Dataset entries
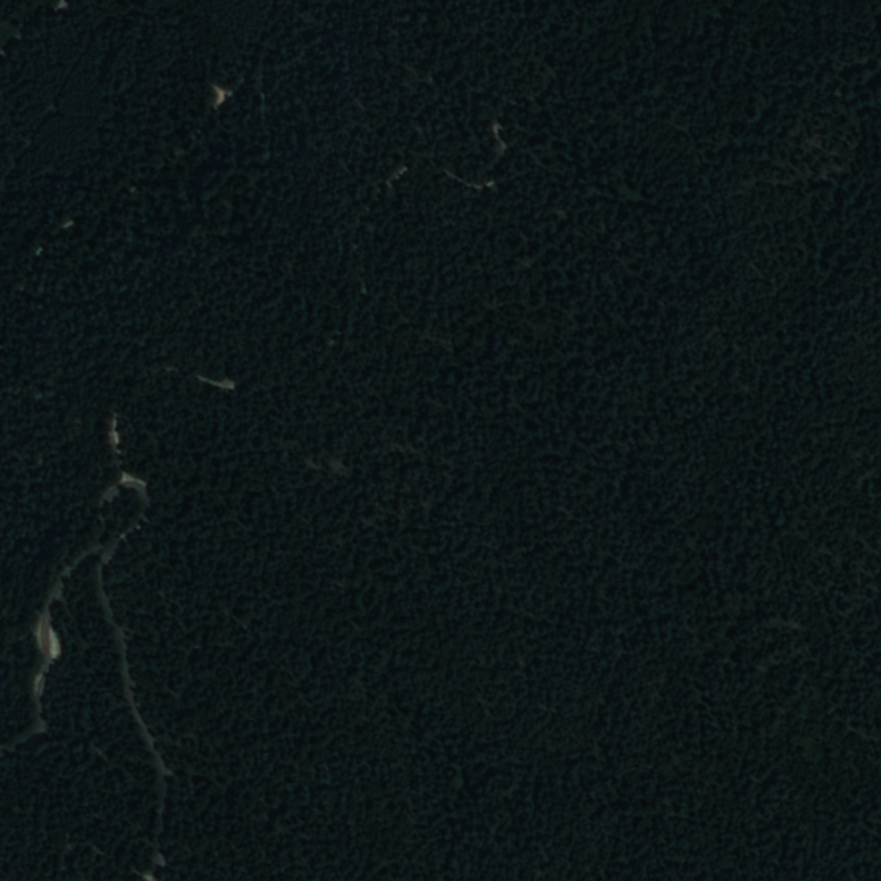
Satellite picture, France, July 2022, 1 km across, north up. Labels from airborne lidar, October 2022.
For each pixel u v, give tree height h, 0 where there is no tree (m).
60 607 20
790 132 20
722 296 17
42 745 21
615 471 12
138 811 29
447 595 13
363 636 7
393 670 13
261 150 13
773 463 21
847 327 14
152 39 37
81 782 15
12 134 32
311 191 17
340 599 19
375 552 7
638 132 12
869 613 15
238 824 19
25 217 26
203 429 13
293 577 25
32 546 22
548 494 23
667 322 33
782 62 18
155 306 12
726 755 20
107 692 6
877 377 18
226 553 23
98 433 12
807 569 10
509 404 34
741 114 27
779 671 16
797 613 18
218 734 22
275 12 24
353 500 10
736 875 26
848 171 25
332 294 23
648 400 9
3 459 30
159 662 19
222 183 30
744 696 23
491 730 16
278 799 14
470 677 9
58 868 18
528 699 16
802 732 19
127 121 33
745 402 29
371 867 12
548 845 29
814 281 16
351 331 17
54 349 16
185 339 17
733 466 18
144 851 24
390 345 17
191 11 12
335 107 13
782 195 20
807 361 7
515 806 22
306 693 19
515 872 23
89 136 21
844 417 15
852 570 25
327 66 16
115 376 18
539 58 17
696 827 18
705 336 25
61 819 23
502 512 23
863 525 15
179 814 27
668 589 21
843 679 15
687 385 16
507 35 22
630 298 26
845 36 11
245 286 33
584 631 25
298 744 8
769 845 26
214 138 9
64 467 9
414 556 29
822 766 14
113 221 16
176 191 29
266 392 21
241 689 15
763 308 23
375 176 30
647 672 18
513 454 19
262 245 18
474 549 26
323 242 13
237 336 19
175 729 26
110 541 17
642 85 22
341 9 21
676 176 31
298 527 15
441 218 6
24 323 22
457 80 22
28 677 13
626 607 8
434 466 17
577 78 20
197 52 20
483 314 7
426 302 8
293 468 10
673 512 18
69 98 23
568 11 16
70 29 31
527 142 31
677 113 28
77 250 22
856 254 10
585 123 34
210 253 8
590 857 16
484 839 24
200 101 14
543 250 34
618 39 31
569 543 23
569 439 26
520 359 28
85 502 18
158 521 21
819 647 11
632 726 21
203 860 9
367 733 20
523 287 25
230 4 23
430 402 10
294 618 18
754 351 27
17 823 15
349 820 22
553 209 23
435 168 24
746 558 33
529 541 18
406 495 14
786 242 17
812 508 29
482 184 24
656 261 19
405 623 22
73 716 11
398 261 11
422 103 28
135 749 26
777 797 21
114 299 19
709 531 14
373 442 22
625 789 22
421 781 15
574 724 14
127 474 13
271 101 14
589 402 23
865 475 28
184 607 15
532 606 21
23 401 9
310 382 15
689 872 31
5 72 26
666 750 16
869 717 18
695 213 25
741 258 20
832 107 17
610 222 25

* * *

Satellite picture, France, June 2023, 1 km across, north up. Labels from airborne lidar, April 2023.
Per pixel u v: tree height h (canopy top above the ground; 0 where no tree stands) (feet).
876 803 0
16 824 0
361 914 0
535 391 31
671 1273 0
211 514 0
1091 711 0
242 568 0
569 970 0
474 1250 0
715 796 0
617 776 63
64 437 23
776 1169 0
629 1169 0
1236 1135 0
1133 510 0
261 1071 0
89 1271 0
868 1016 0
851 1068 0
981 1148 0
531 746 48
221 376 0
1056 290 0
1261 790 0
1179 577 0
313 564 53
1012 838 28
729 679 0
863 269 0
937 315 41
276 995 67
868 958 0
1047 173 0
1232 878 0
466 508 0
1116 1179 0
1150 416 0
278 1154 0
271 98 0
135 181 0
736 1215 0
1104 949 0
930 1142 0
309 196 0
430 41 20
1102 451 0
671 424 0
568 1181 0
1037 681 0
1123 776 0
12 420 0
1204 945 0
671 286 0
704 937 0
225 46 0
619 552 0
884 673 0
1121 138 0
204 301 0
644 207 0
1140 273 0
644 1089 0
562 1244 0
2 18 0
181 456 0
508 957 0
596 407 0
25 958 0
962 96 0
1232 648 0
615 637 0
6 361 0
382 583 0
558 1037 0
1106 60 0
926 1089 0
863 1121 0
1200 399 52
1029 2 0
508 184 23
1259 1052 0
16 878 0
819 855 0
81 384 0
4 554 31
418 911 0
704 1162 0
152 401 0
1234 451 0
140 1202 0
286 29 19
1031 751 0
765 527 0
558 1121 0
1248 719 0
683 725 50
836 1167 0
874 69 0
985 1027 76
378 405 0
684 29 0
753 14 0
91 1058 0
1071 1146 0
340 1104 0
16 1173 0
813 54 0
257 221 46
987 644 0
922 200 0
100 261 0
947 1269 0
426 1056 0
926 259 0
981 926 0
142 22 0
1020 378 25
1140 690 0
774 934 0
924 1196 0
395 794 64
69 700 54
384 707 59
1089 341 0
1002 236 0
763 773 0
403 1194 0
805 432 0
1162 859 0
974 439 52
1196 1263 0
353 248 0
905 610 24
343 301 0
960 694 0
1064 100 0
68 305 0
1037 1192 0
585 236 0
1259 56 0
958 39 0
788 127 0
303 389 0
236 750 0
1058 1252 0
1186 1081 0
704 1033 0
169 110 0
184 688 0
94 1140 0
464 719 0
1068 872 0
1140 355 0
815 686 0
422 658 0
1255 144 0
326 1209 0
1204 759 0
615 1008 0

What to produce ::
Read through the lines above and collect those that contain the string "height".

Reply to the task ::
For each pixel u v, give tree height h, 0 where there is no tree (m).
Per pixel u v: tree height h (canopy top above the ground; 0 where no tree stands) (feet).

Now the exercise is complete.